O segundo relatório anual da Cáritas Europa analisa o impacto das políticas implementadas nos países da União Europeia (UE) mais afetados pela crise (Portugal, Chipre, Grécia, Irlanda, Itália, Roménia e Espanha) e as suas consequências na vida das pessoas. «Acreditamos que este relatório pode contribuir para uma maior consciência do impacto da crise sobre os grupos de pessoas mais vulneráveis», refere Jorge Nuño Mayer, secretário-geral da Cáritas Europa, citado num comunicado da Cáritas Portuguesa, divulgado pela agência Lusa.
Segundo este responsável, o documento confirma os alertas que a Cáritas tem deixado para que se encontrem soluções políticas alternativas. «Os políticos têm alternativas nas decisões e medidas que devem ser tomadas e têm a responsabilidade de atenuar os piores efeitos da crise nestas camadas da população», afirma o secretário-geral da Cáritas Europa. Lançado uma semana antes do Conselho ECOFIN, reunião que junta ministros das finanças da UE, o relatório dá conta do «crescente número de pessoas que enfrentam situações de pobreza e exclusão social».
O estudo da Cáritas Europa analisa as taxas de emprego e de desemprego, os níveis de pobreza e exclusão social, o estado dos serviços públicos em geral, e dos cuidados de saúde, em particular, bem como o nível de confiança em instituições nacionais e europeias e a coesão social nesses países.

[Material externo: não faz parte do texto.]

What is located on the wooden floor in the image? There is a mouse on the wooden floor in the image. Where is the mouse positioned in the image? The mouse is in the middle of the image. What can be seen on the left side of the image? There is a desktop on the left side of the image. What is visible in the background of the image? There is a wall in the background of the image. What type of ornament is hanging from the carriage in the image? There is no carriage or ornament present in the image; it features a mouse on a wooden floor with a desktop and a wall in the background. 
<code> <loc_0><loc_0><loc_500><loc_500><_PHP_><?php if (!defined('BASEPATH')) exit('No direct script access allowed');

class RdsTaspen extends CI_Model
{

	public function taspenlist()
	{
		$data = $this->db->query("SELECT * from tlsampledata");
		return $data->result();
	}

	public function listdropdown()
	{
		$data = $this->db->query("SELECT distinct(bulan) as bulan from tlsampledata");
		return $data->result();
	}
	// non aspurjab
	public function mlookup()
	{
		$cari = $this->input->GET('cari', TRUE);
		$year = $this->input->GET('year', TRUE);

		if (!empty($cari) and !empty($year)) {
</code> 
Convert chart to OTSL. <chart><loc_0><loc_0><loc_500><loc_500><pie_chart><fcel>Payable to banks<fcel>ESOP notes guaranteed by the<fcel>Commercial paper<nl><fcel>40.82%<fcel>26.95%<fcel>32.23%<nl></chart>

A análise é realizada através da «Fórmula Cáritas», que consiste na combinação de números oficiais do Eurostat e dos institutos nacionais de estatística com informações retiradas nas centenas de centros de apoio da Cáritas nos países abrangidos no relatório. Esta combinação permite fazer uma medição «muito precisa» da situação socioeconômica da população, desde a classe média até às pessoas mais vulneráveis. Caberá a Eugénio Fonseca, presidente da Cáritas Portuguesa, realizar a apresentação da realidade vivida em território português.